* Assignment: Output only the lines of the entries that follow, starting at the one with "Offer a very short reply. 4." and running down to the one with "Provide a succinct", both included and unchanged.

[Stored data]
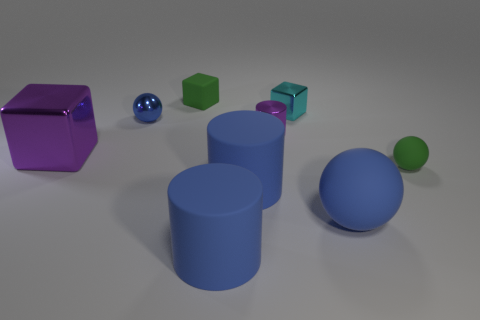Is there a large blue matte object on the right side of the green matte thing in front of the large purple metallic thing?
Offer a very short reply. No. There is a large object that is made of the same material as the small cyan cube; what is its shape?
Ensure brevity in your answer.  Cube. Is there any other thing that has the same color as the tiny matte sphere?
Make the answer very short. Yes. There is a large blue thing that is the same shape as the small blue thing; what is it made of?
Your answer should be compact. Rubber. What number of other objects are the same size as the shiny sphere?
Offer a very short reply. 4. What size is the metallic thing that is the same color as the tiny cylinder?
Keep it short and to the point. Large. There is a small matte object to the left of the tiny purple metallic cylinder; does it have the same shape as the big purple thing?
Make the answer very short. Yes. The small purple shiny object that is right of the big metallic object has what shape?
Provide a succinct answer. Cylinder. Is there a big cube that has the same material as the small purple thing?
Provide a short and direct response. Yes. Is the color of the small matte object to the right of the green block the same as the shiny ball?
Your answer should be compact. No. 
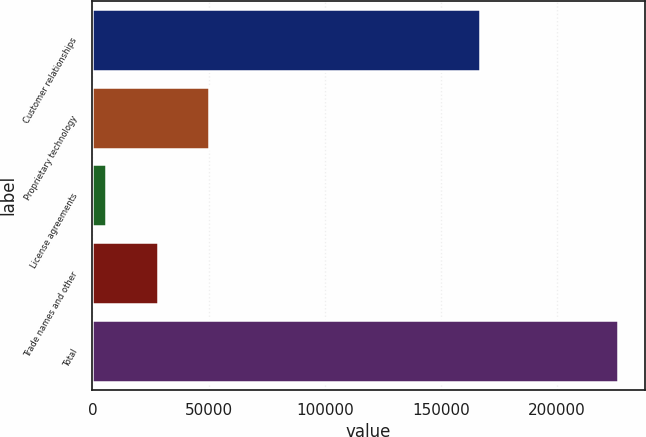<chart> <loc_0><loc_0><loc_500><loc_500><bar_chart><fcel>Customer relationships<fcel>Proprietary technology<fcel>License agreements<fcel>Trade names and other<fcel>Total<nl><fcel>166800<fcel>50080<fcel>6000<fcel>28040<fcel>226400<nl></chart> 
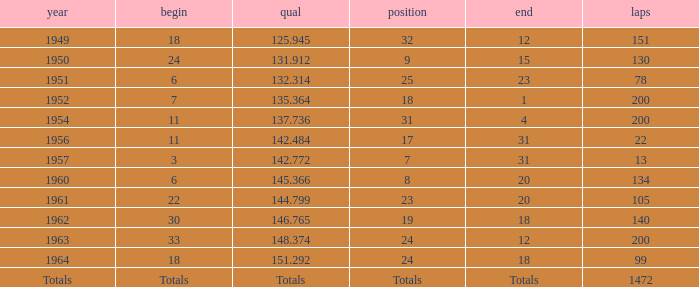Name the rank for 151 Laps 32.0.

...

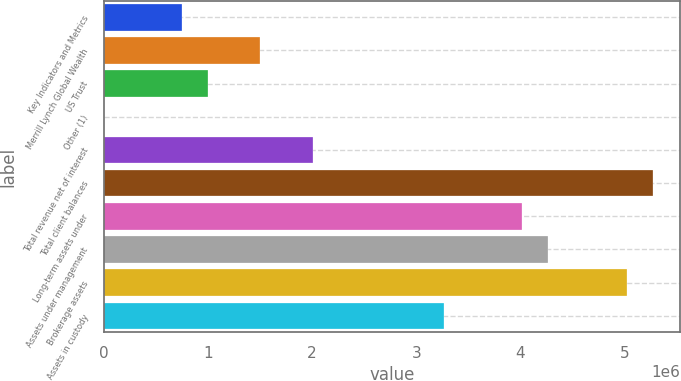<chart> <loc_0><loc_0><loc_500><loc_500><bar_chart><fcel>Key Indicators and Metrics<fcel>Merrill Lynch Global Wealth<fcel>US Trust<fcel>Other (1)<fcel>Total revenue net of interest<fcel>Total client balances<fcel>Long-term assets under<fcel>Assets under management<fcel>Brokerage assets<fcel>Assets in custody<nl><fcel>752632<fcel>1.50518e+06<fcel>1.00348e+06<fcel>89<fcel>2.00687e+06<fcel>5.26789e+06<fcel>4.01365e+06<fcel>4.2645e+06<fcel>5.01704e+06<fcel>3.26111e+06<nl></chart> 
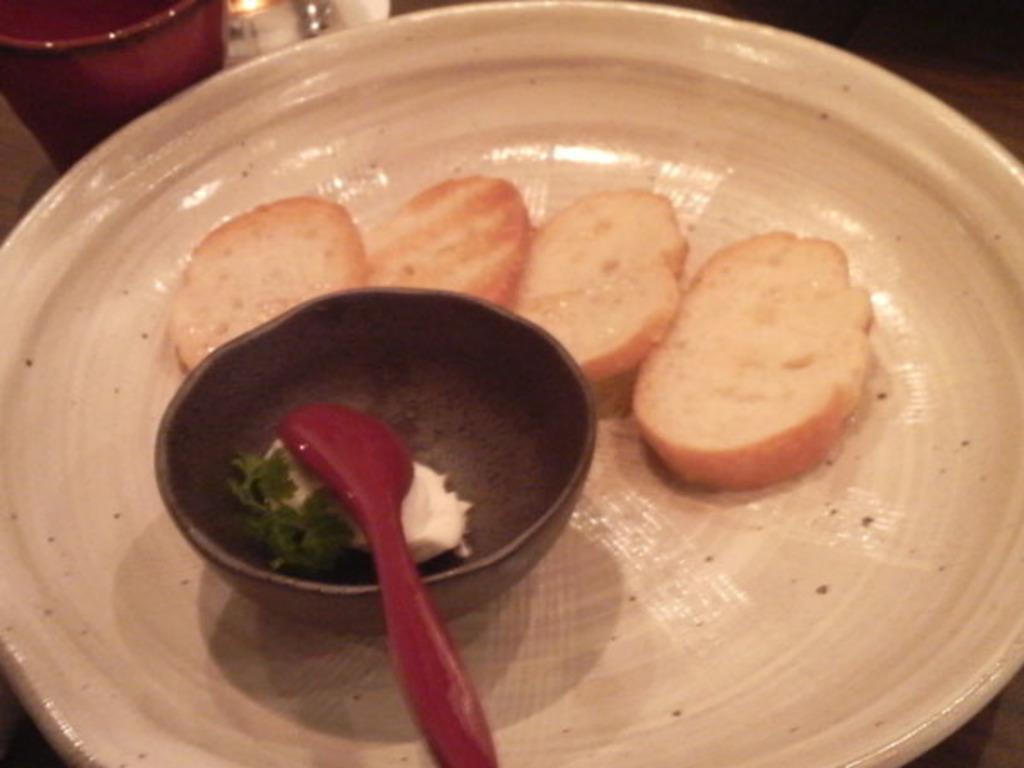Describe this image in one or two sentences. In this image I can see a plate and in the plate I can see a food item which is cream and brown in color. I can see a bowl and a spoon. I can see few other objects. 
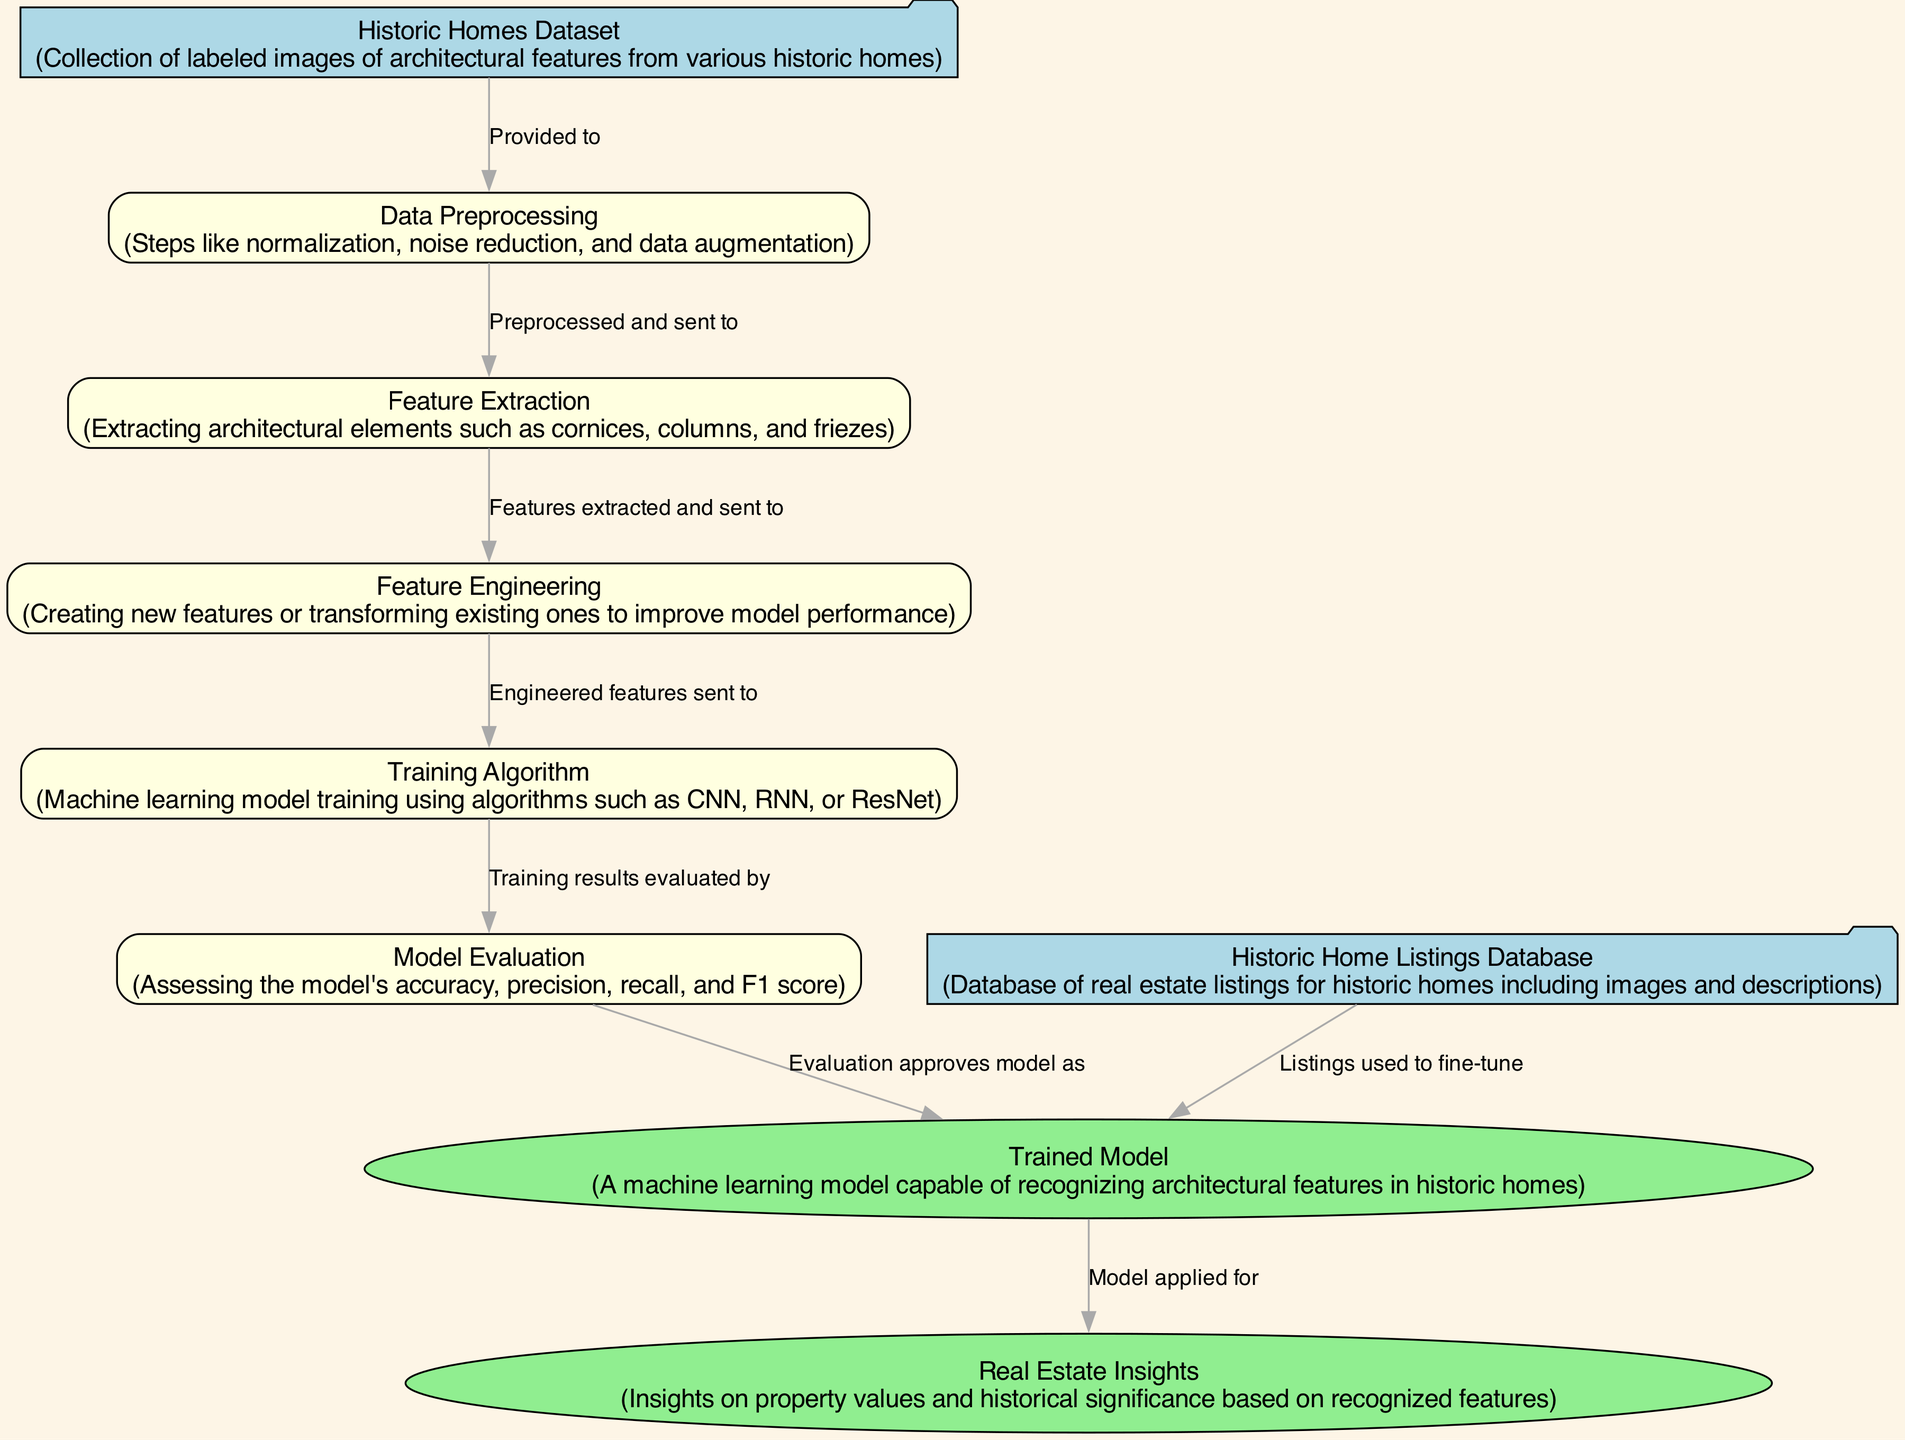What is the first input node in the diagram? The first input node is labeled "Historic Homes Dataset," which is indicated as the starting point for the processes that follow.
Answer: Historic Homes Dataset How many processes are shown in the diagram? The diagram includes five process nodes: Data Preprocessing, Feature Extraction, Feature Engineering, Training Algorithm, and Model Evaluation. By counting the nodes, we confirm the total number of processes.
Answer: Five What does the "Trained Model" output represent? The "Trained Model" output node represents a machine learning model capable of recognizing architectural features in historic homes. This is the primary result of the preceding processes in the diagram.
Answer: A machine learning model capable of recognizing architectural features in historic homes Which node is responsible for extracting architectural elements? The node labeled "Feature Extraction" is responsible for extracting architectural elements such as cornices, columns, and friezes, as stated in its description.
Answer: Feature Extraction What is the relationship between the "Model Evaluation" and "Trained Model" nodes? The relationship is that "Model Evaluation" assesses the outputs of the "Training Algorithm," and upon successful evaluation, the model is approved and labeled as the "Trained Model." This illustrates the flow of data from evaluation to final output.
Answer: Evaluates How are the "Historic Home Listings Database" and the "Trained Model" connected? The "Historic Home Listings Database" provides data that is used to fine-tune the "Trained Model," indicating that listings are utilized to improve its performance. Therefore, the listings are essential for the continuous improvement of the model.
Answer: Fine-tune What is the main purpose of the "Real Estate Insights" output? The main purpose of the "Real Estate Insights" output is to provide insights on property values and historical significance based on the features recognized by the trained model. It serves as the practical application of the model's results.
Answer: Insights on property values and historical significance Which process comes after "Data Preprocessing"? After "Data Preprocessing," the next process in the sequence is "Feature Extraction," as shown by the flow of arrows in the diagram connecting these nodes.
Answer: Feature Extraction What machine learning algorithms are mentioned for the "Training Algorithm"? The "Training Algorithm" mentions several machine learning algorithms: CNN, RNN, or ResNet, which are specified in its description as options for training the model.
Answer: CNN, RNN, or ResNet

* Problem solution:
Offer a very short reply. 4. What size is the metallic thing that is the same color as the tiny cylinder?
Keep it short and to the point. Large. There is a small matte object to the left of the tiny purple metallic cylinder; does it have the same shape as the big purple thing?
Make the answer very short. Yes. The small purple shiny object that is right of the big metallic object has what shape?
Provide a succinct answer. Cylinder. Is there a big cube that has the same material as the small purple thing?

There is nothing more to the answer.